┌──
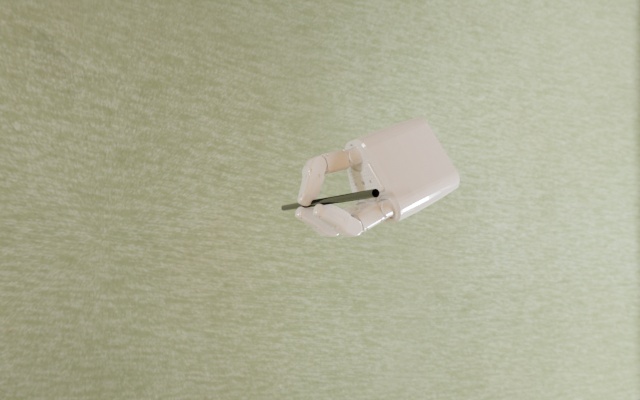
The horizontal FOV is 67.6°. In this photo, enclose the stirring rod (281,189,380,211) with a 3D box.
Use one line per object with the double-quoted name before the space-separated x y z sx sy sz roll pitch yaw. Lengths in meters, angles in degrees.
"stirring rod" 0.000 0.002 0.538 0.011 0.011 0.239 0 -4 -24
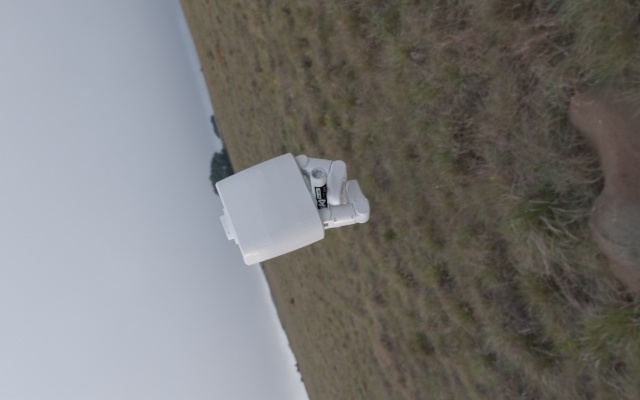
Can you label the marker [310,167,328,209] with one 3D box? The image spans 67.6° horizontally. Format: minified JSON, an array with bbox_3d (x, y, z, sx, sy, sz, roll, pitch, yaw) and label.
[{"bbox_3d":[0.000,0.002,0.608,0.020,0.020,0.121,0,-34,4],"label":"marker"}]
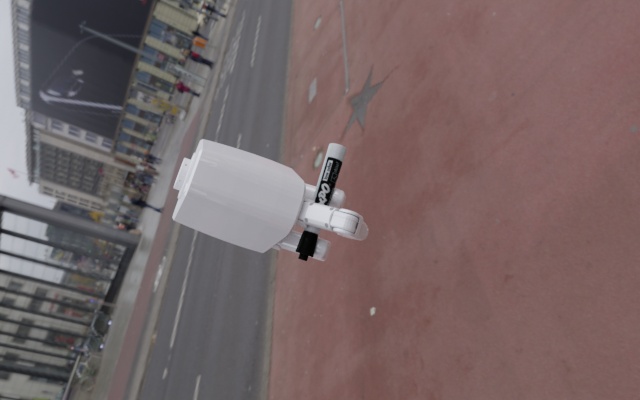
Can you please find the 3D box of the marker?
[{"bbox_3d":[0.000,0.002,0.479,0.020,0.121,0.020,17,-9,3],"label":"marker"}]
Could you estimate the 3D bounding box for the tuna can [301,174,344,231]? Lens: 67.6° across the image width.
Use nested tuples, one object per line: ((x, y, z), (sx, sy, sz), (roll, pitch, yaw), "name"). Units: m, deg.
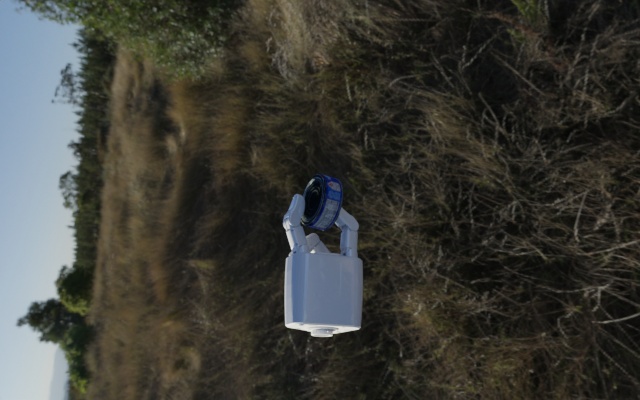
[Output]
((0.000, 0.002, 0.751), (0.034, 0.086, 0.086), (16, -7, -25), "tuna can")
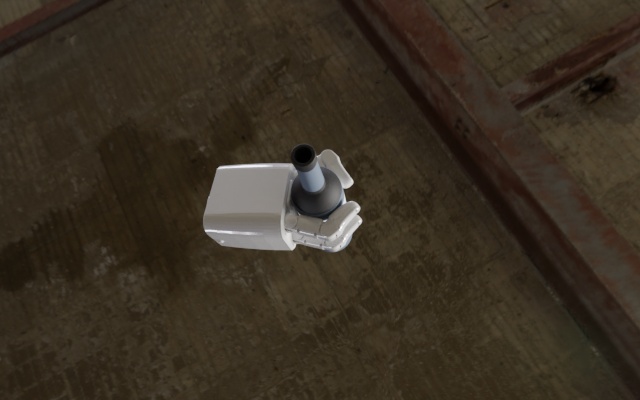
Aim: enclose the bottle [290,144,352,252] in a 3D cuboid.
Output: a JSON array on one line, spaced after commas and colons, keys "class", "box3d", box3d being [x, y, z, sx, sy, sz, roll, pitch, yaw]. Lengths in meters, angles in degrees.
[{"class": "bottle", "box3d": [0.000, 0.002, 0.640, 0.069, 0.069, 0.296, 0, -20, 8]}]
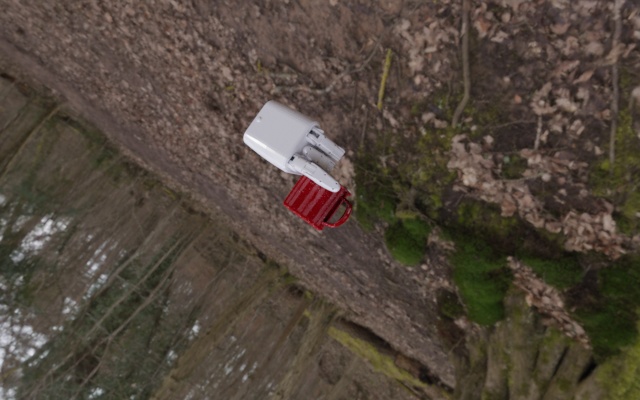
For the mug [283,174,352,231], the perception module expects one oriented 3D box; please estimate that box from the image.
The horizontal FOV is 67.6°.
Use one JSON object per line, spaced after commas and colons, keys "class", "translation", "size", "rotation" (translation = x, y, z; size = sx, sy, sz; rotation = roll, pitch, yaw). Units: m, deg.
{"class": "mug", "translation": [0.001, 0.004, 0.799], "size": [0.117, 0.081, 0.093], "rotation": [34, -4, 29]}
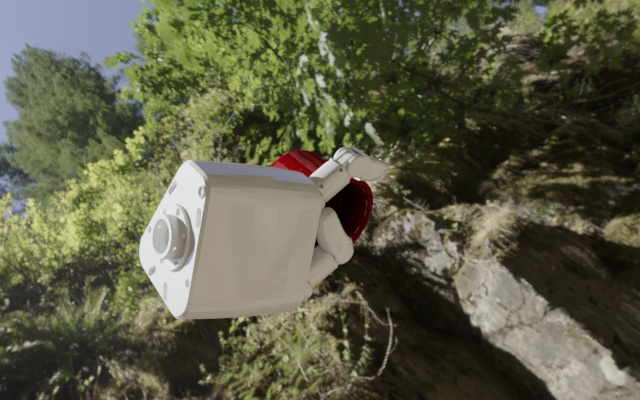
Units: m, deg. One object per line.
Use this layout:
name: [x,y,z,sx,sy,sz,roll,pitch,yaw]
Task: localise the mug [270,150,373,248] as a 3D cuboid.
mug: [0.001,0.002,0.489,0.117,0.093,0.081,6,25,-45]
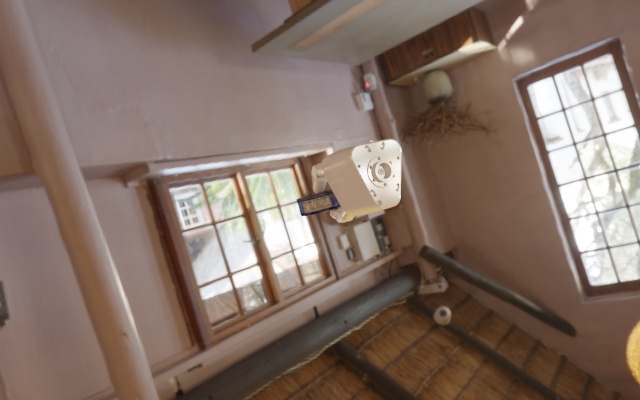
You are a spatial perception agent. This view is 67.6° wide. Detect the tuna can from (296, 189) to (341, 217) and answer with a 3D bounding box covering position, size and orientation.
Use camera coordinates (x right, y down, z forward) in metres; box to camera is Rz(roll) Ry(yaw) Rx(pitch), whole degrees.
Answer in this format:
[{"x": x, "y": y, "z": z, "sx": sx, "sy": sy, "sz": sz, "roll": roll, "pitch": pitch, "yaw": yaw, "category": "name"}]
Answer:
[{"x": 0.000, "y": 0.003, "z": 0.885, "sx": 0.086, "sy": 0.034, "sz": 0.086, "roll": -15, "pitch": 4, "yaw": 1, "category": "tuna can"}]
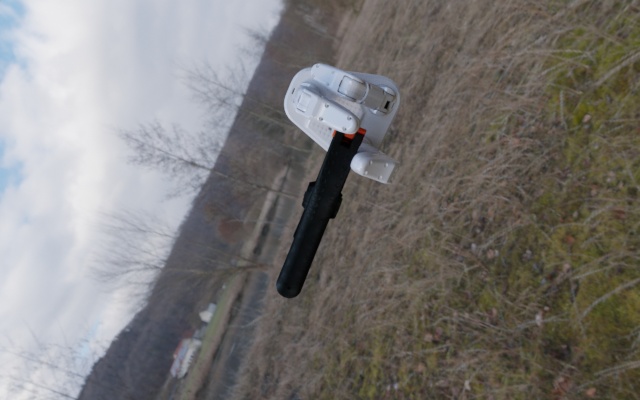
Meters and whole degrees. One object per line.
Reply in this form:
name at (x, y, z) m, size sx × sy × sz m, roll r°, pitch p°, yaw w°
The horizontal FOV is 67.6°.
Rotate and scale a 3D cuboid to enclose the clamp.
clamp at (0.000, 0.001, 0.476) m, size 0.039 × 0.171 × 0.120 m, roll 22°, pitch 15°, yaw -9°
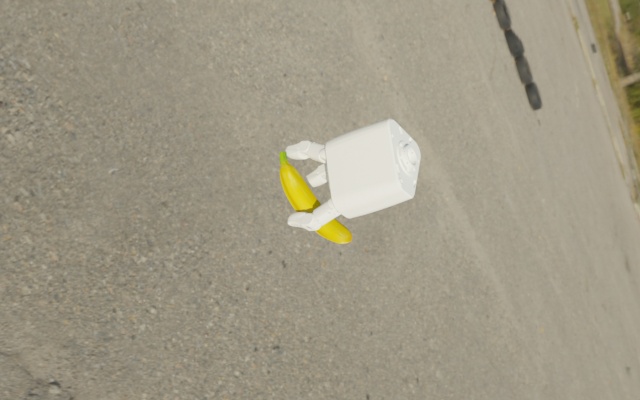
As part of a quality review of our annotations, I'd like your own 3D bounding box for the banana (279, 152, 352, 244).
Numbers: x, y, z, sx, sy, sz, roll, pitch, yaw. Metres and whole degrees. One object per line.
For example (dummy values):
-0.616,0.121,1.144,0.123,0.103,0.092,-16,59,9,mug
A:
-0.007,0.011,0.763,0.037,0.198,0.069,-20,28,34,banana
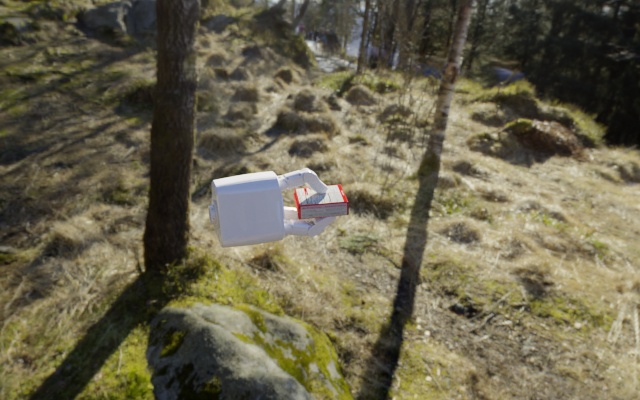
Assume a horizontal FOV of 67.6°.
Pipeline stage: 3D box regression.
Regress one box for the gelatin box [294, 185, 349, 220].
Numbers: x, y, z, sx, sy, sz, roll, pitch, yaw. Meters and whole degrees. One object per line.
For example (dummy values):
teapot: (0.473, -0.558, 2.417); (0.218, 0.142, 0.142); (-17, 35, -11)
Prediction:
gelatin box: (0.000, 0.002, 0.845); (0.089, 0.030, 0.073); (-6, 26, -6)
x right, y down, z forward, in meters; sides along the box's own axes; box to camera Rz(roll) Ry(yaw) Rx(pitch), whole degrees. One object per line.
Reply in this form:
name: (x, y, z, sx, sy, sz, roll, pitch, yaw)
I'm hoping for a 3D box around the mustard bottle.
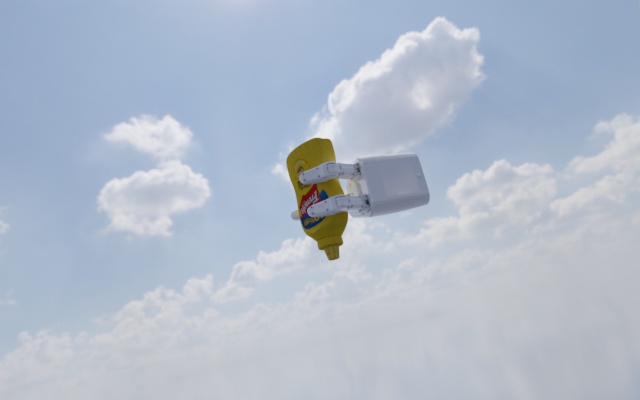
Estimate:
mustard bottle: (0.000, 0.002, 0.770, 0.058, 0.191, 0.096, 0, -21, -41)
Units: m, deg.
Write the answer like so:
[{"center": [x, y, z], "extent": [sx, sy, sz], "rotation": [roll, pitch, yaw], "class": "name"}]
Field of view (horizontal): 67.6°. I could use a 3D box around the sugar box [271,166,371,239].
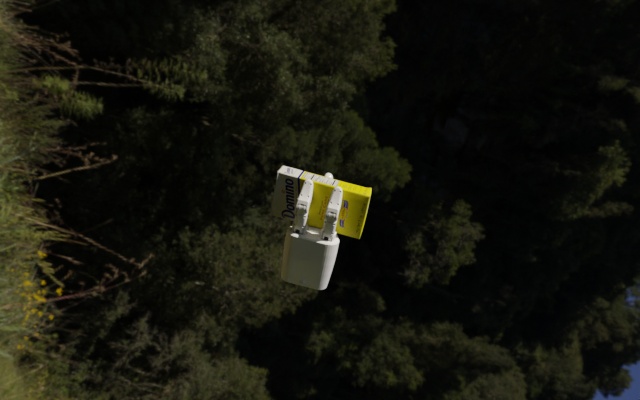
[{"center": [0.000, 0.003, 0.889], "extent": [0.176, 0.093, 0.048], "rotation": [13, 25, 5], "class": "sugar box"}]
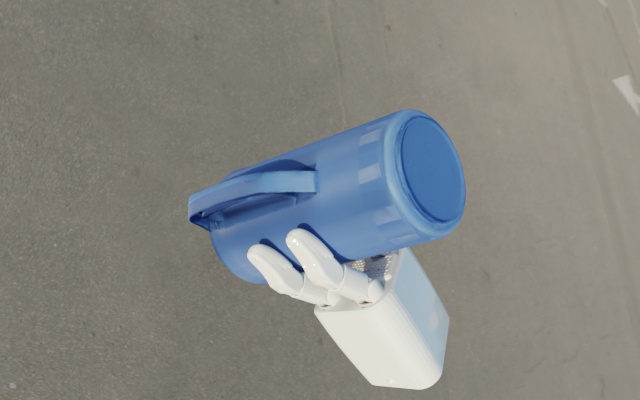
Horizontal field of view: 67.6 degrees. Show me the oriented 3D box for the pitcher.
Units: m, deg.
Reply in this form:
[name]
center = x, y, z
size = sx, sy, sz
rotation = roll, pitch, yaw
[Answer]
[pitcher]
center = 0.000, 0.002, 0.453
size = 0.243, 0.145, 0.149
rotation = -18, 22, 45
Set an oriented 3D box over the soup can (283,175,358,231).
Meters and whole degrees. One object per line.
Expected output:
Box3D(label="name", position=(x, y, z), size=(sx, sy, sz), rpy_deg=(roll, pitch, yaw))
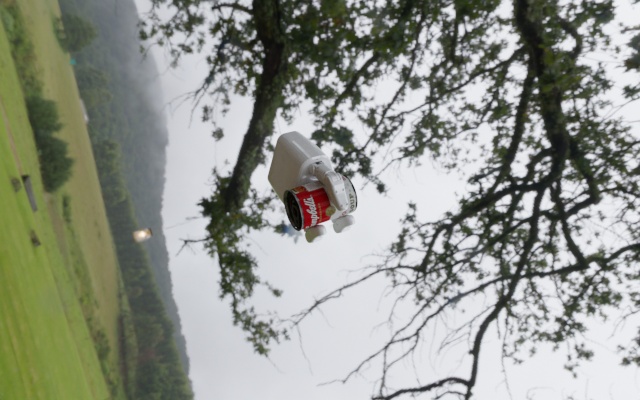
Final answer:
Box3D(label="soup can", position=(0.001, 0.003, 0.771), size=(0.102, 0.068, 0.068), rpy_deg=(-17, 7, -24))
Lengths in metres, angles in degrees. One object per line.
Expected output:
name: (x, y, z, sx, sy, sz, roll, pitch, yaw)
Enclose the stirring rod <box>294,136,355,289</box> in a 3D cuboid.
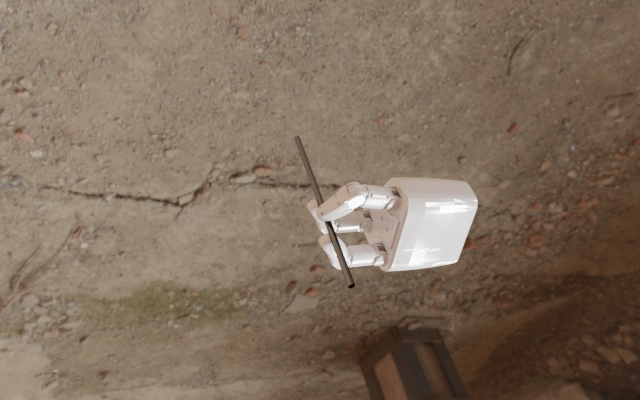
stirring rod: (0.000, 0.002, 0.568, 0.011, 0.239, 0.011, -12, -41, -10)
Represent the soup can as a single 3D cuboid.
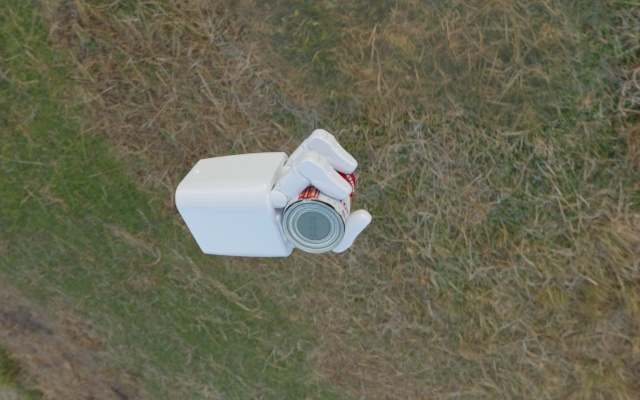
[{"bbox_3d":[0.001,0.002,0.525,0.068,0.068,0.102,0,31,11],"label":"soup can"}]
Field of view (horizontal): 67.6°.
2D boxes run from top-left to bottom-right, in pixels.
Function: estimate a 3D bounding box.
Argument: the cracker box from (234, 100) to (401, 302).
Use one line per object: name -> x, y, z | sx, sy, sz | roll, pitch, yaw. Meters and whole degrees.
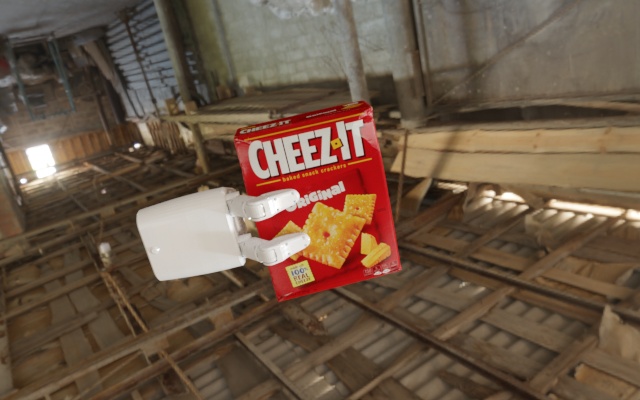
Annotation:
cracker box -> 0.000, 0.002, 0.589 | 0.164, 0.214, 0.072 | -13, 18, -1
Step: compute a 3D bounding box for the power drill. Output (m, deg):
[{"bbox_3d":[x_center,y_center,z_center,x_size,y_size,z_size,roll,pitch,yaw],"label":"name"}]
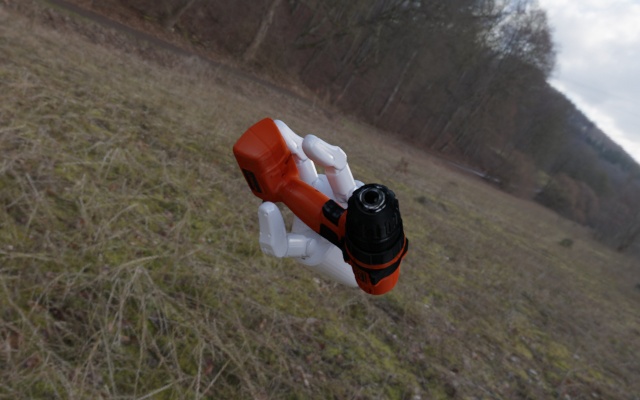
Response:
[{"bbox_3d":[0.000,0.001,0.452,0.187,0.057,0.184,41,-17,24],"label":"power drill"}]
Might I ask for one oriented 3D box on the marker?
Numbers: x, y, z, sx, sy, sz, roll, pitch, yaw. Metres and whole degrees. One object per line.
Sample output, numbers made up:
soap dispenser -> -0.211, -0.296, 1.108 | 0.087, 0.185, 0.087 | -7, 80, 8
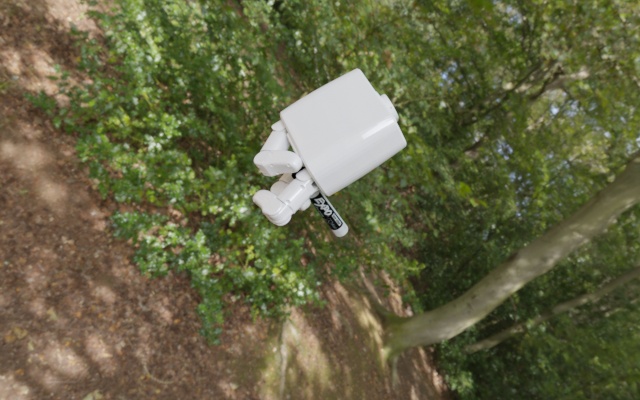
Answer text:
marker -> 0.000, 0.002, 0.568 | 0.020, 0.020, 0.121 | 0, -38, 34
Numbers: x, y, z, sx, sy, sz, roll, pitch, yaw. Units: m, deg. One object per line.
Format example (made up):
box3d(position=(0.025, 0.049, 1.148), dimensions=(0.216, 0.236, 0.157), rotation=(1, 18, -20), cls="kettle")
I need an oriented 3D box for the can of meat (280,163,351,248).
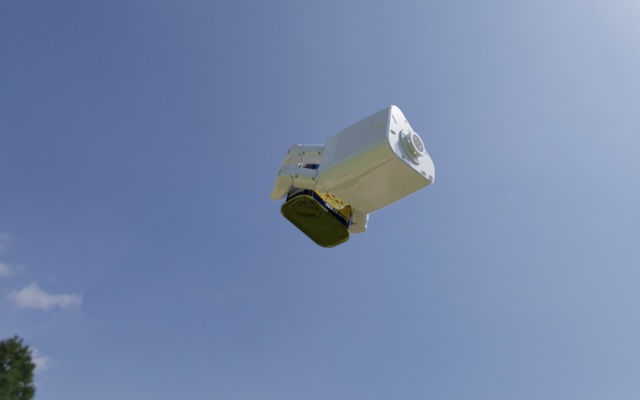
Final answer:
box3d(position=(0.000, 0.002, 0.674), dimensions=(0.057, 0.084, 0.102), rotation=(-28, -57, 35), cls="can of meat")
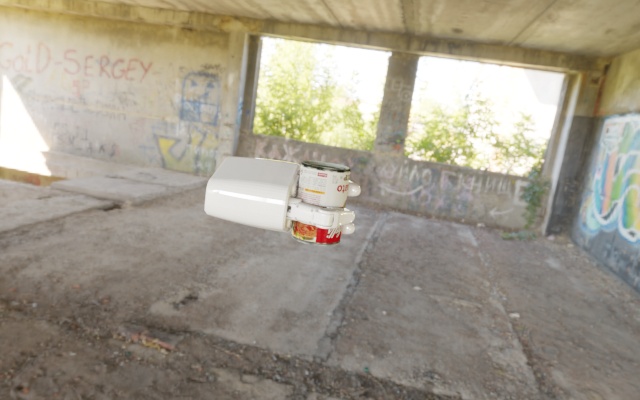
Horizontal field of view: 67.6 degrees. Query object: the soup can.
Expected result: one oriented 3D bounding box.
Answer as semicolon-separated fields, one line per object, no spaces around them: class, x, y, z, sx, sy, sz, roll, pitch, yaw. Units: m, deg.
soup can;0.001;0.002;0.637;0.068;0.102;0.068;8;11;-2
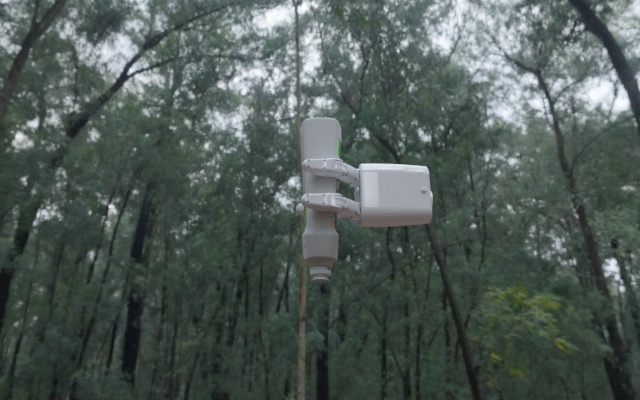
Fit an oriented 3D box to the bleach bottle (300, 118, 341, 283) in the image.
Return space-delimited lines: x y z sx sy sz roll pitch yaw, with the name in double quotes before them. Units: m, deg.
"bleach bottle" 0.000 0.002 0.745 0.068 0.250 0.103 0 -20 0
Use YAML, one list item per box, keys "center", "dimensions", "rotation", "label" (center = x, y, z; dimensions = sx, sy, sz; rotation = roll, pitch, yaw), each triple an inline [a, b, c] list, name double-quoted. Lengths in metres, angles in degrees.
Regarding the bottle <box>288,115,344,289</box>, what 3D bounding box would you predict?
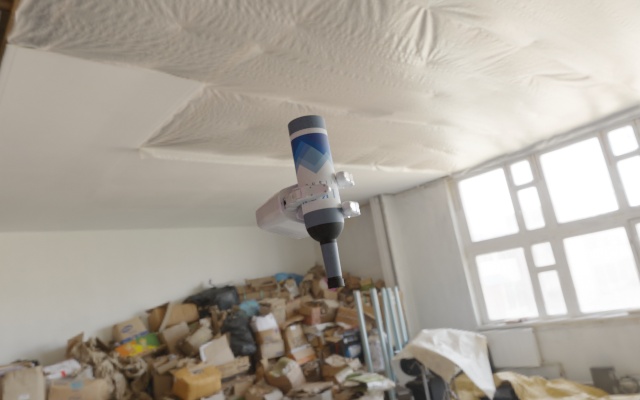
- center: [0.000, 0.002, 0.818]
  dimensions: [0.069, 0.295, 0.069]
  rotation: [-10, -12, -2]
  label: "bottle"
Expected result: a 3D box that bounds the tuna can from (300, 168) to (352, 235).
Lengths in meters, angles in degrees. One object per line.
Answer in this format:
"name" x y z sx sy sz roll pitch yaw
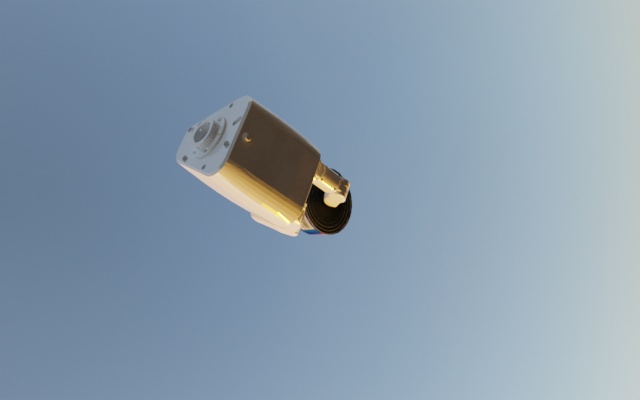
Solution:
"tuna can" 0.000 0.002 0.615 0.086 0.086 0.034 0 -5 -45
└──
ASSIGNMENT
Among the entries above, how many lines have the string "Expected" in them? Only the number should be given.

WRITTEN ANSWER
4